Well done..never move that car..

givemesteel · 18/03/2026 20:15

OP you have actually inspired me to buy a crap car which I will never drive and park it to the left of my drive as I live very close to a popular high road and am so sick of people parking partially over my drive to access it. It would be worth £30 a month to avoid that agro.

Ohfudgeoff · 18/03/2026 20:23

Happyjoe · 18/03/2026 14:57

If I could afford it I would've got another car, just so I don't get a view and blocked daylight of a van that sits there for days at a time. They are entitled to do what they want, hey, so is everyone else.

Of course. Doesn't stop it being lazy though if you get one "for a run around" because you may or may not need it for one week.

YepItsAnotherOne · 18/03/2026 20:25

Ohfudgeoff · 18/03/2026 20:23

Of course. Doesn't stop it being lazy though if you get one "for a run around" because you may or may not need it for one week.

How is that lazy exactly?

Whacker · 18/03/2026 20:26

Your neighbours are dicks.
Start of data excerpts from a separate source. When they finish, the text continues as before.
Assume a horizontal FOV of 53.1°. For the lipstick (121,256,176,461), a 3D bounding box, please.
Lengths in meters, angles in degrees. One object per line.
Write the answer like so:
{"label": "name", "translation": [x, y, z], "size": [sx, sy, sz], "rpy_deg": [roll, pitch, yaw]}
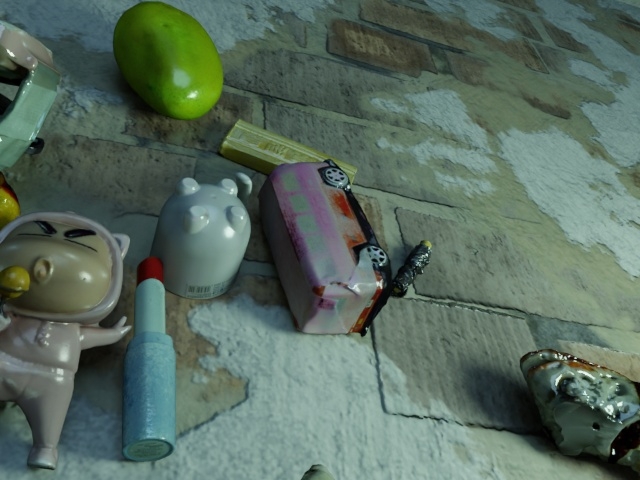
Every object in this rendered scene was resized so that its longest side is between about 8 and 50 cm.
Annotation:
{"label": "lipstick", "translation": [-0.213, 0.133, 0.799], "size": [0.061, 0.068, 0.274], "rpy_deg": [14, 41, -28]}

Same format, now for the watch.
{"label": "watch", "translation": [-0.504, -0.178, 0.857], "size": [0.253, 0.241, 0.162], "rpy_deg": [13, -1, 0]}

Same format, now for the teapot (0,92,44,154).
{"label": "teapot", "translation": [-0.498, -0.185, 0.993], "size": [0.177, 0.087, 0.096], "rpy_deg": [34, 16, 10]}

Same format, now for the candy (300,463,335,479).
{"label": "candy", "translation": [0.029, 0.395, 0.594], "size": [0.179, 0.135, 0.320], "rpy_deg": [-27, 62, -41]}

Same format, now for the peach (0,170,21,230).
{"label": "peach", "translation": [-0.454, 0.016, 0.737], "size": [0.153, 0.159, 0.267], "rpy_deg": [5, 31, -9]}

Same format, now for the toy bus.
{"label": "toy bus", "translation": [0.000, 0.000, 0.996], "size": [0.147, 0.128, 0.303], "rpy_deg": [-3, 48, -24]}

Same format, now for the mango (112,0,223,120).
{"label": "mango", "translation": [-0.274, -0.329, 1.195], "size": [0.185, 0.149, 0.273], "rpy_deg": [-14, 60, -45]}

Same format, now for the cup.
{"label": "cup", "translation": [-0.152, -0.016, 0.930], "size": [0.173, 0.142, 0.134], "rpy_deg": [-14, 54, -37]}

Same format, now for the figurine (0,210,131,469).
{"label": "figurine", "translation": [-0.298, 0.086, 0.699], "size": [0.176, 0.186, 0.288], "rpy_deg": [21, 56, -14]}

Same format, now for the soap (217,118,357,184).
{"label": "soap", "translation": [-0.060, -0.147, 1.191], "size": [0.252, 0.037, 0.092], "rpy_deg": [22, 40, -3]}

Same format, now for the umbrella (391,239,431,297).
{"label": "umbrella", "translation": [0.158, 0.045, 1.093], "size": [0.040, 0.037, 0.144], "rpy_deg": [28, 43, 12]}

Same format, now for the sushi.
{"label": "sushi", "translation": [0.440, 0.267, 0.934], "size": [0.332, 0.124, 0.130], "rpy_deg": [20, 30, -4]}
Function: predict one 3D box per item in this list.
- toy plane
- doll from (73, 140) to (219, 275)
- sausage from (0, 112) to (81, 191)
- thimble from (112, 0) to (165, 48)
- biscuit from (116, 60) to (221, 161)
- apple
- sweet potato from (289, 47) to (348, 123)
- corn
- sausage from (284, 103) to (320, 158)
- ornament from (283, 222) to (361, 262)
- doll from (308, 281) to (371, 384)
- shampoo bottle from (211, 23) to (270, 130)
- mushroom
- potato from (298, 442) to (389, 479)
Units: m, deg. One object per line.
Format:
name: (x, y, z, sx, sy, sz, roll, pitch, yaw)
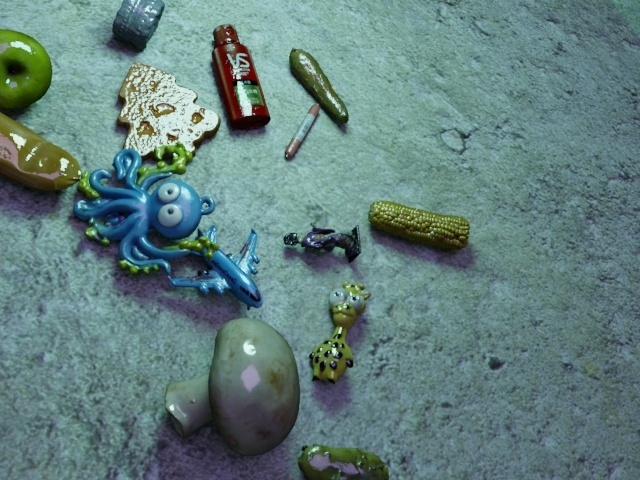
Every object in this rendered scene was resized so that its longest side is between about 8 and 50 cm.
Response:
toy plane: (-0.230, 0.074, 1.707, 0.254, 0.105, 0.271, -31, 67, -28)
doll: (-0.421, -0.086, 1.685, 0.342, 0.098, 0.345, -4, 69, -5)
sausage: (-0.731, -0.216, 1.653, 0.354, 0.116, 0.134, 33, 45, -8)
thimble: (-0.490, -0.601, 1.899, 0.098, 0.150, 0.150, 26, 60, -14)
biscuit: (-0.423, -0.341, 1.863, 0.284, 0.043, 0.306, -24, 78, -24)
apple: (-0.752, -0.414, 1.695, 0.197, 0.196, 0.157, -10, 31, -24)
sweet potato: (-0.002, -0.449, 2.060, 0.075, 0.075, 0.273, -32, 84, -29)
corn: (0.274, -0.041, 1.965, 0.313, 0.102, 0.101, 11, 64, -12)
sausage: (-0.050, -0.314, 2.001, 0.029, 0.029, 0.223, 31, 60, -5)
ornament: (0.002, -0.007, 1.851, 0.203, 0.088, 0.081, 10, 63, -15)
doll: (0.050, 0.225, 1.763, 0.117, 0.086, 0.291, 10, 58, 17)
shampoo bottle: (-0.232, -0.459, 1.971, 0.118, 0.076, 0.314, -9, 71, -21)
mushroom: (-0.193, 0.320, 1.538, 0.290, 0.297, 0.297, -8, 68, 2)
potato: (0.055, 0.532, 1.622, 0.226, 0.090, 0.117, 19, 62, -13)
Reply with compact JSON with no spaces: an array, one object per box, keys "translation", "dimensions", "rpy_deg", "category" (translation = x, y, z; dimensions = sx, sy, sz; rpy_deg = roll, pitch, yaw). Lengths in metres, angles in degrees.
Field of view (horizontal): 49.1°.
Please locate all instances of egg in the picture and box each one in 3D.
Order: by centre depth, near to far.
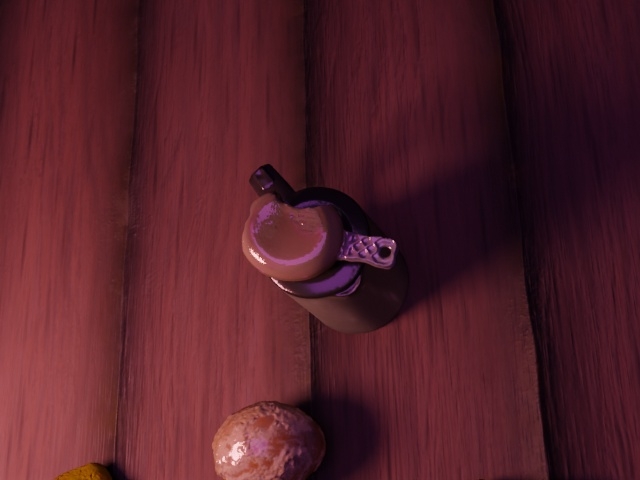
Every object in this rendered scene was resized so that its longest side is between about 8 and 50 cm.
[{"translation":[-0.110,0.445,1.503],"dimensions":[0.245,0.203,0.203],"rpy_deg":[-9,72,3],"category":"egg"}]

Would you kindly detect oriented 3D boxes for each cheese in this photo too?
[{"translation":[0.000,0.000,1.257],"dimensions":[0.286,0.082,0.163],"rpy_deg":[8,79,15],"category":"cheese"}]

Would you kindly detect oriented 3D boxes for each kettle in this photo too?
[{"translation":[0.005,0.006,1.496],"dimensions":[0.250,0.376,0.361],"rpy_deg":[-36,69,4],"category":"kettle"}]

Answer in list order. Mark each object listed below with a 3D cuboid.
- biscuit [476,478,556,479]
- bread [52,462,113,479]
[{"translation":[0.387,0.637,1.367],"dimensions":[0.394,0.070,0.350],"rpy_deg":[-29,66,6],"category":"biscuit"},{"translation":[-0.492,0.663,1.549],"dimensions":[0.166,0.112,0.383],"rpy_deg":[-31,53,-16],"category":"bread"}]
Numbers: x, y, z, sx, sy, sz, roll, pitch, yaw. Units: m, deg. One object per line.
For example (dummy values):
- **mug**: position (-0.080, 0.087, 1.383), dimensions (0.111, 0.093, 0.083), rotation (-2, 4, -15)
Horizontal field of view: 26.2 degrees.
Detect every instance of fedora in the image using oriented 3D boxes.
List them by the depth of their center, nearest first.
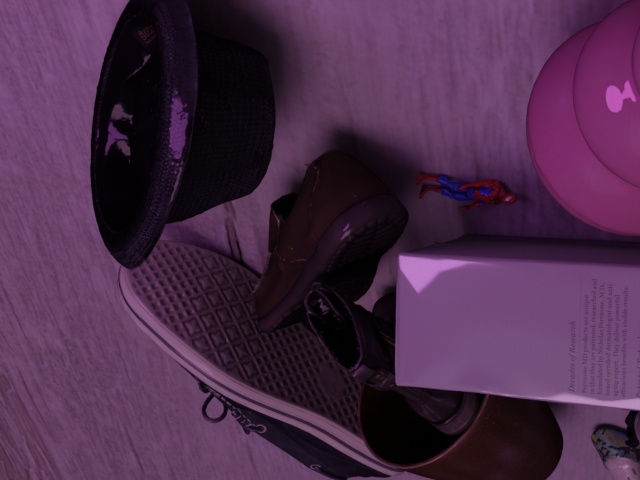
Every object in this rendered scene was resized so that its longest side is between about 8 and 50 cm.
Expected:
- **fedora**: position (-0.143, -0.120, 1.506), dimensions (0.153, 0.334, 0.334), rotation (3, 150, -23)

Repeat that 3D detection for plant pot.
- **plant pot**: position (0.203, 0.231, 1.766), dimensions (0.215, 0.215, 0.230), rotation (-16, 142, 41)

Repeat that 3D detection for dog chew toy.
- **dog chew toy**: position (0.302, -0.123, 1.190), dimensions (0.207, 0.206, 0.332), rotation (25, 166, -1)

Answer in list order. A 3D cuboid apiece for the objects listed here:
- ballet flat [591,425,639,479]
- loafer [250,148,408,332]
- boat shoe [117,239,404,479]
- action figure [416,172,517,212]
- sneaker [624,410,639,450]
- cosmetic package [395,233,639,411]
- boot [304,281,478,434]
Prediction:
- **ballet flat**: position (0.433, 0.321, 1.841), dimensions (0.188, 0.070, 0.070), rotation (36, 142, -15)
- **loafer**: position (0.000, 0.000, 1.667), dimensions (0.130, 0.134, 0.366), rotation (64, 151, 16)
- **boat shoe**: position (-0.079, 0.180, 1.863), dimensions (0.500, 0.186, 0.156), rotation (35, 137, -22)
- **action figure**: position (0.166, -0.054, 1.559), dimensions (0.115, 0.030, 0.038), rotation (6, 135, 21)
- **sneaker**: position (0.432, 0.257, 1.766), dimensions (0.075, 0.063, 0.170), rotation (28, 164, 34)
- **cosmetic package**: position (0.291, 0.082, 1.469), dimensions (0.385, 0.217, 0.156), rotation (2, 96, 28)
- **boot**: position (0.068, 0.106, 1.622), dimensions (0.229, 0.263, 0.091), rotation (33, 105, -36)
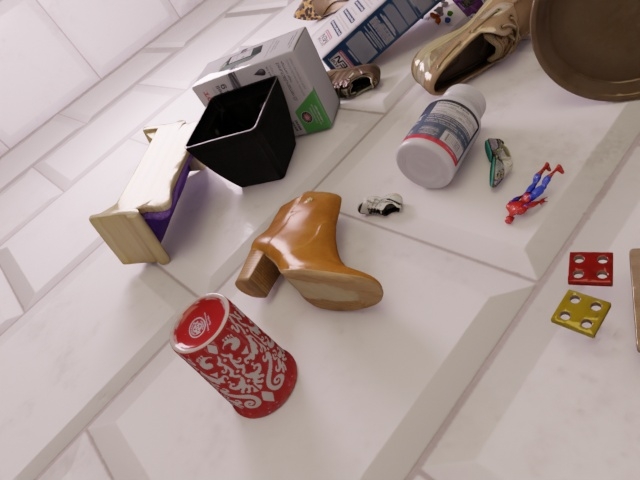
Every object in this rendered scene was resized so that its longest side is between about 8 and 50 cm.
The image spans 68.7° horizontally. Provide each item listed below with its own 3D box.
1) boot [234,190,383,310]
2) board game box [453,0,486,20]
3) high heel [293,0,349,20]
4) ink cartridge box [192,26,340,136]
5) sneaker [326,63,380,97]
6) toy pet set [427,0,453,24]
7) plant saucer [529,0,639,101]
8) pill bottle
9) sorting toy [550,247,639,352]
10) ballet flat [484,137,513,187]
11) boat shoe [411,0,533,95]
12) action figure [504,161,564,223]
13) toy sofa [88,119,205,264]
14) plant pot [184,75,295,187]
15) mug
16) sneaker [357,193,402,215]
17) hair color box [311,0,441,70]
[{"bbox_3d":[0.000,0.001,0.781,0.295,0.104,0.211,0,50,38],"label":"boot"},{"bbox_3d":[0.371,-0.649,1.124,0.056,0.208,0.346,-36,27,49],"label":"board game box"},{"bbox_3d":[0.045,-0.816,1.584,0.261,0.093,0.186,-32,33,-14],"label":"high heel"},{"bbox_3d":[-0.129,-0.355,1.143,0.289,0.211,0.121,-9,45,27],"label":"ink cartridge box"},{"bbox_3d":[0.056,-0.389,1.169,0.189,0.066,0.071,-11,45,24],"label":"sneaker"},{"bbox_3d":[0.300,-0.619,1.271,0.114,0.065,0.122,22,60,5],"label":"toy pet set"},{"bbox_3d":[0.471,-0.352,0.713,0.278,0.277,0.041,-1,33,32],"label":"plant saucer"},{"bbox_3d":[0.220,-0.189,0.829,0.108,0.108,0.180,13,56,40],"label":"pill bottle"},{"bbox_3d":[0.399,0.071,0.496,0.275,0.046,0.132,-2,48,30],"label":"sorting toy"},{"bbox_3d":[0.297,-0.131,0.776,0.041,0.041,0.114,-11,45,24],"label":"ballet flat"},{"bbox_3d":[0.360,-0.417,0.973,0.341,0.122,0.110,-34,43,14],"label":"boat shoe"},{"bbox_3d":[0.317,-0.068,0.705,0.115,0.030,0.038,-44,35,-6],"label":"action figure"},{"bbox_3d":[-0.362,-0.123,1.100,0.177,0.150,0.362,-5,45,10],"label":"toy sofa"},{"bbox_3d":[-0.160,-0.228,1.064,0.188,0.167,0.187,-7,48,26],"label":"plant pot"},{"bbox_3d":[-0.134,0.155,0.658,0.150,0.169,0.113,13,58,40],"label":"mug"},{"bbox_3d":[0.104,-0.059,0.830,0.083,0.032,0.037,-14,43,22],"label":"sneaker"},{"bbox_3d":[0.148,-0.584,1.212,0.347,0.105,0.173,-36,39,19],"label":"hair color box"}]
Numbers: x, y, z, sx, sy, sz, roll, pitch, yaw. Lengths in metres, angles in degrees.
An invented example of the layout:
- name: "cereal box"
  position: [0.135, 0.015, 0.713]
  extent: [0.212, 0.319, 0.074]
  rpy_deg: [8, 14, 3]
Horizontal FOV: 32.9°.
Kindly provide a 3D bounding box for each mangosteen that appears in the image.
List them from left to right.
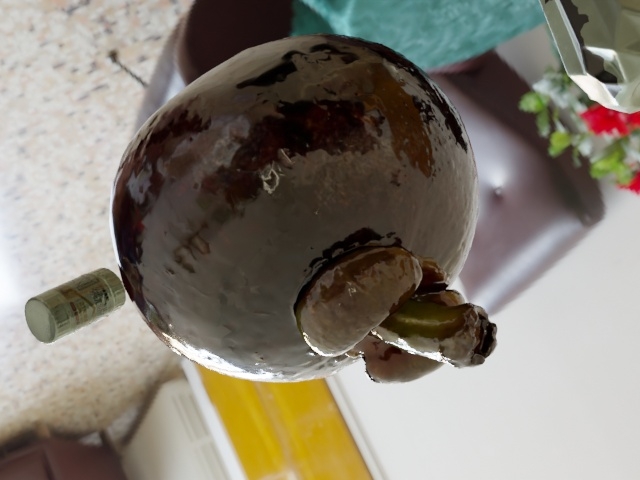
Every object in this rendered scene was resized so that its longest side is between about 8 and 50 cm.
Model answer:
- name: "mangosteen"
  position: [-0.009, -0.011, 0.858]
  extent: [0.297, 0.293, 0.297]
  rpy_deg: [-35, -179, 1]

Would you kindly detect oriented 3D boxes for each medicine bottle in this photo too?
- name: "medicine bottle"
  position: [-0.222, 0.059, 0.983]
  extent: [0.083, 0.047, 0.047]
  rpy_deg: [-27, 167, -48]

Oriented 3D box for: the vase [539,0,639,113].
- name: "vase"
  position: [0.258, -0.303, 1.072]
  extent: [0.165, 0.360, 0.165]
  rpy_deg: [-21, 157, -9]
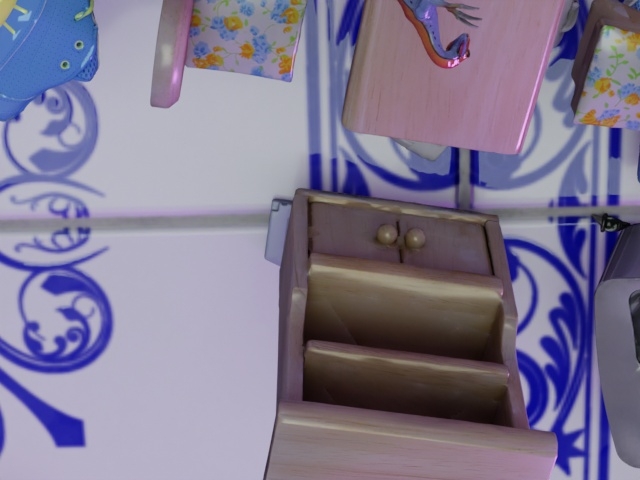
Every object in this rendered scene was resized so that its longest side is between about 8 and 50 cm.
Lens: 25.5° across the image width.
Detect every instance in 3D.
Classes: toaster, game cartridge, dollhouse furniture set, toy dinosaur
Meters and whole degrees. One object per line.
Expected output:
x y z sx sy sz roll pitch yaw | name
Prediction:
0.288 0.073 1.041 0.185 0.110 0.168 -1 113 26 | toaster
0.000 0.000 1.095 0.083 0.017 0.056 9 104 -2 | game cartridge
0.076 -0.064 0.861 0.362 0.256 0.394 8 124 -6 | dollhouse furniture set
0.053 -0.133 0.760 0.090 0.047 0.082 10 115 28 | toy dinosaur

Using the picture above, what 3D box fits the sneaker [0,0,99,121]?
-0.171 -0.176 0.880 0.126 0.091 0.240 31 108 -31 | sneaker

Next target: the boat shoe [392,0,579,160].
0.137 -0.166 1.002 0.088 0.096 0.267 36 106 -16 | boat shoe

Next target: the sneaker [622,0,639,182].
0.251 -0.139 1.023 0.081 0.080 0.211 9 97 5 | sneaker

No one wants to look at a large white van outside their living room window including the van owner next door! the absolute cf of it parking outside the single woman’s house when they have space outside their own house and trying to intimidate you, what awful people.

LunchtimeIllusion · 18/03/2026 20:36

Keep parking your car in front of your house, and keep a log of everything. Do you have any footage of them throwing rubbish into your garden?

I also have a spare car. If you live somewhere without decent public transport, need a car to go about your daily life, and can afford to run an extra car then it’s absolutely worth it.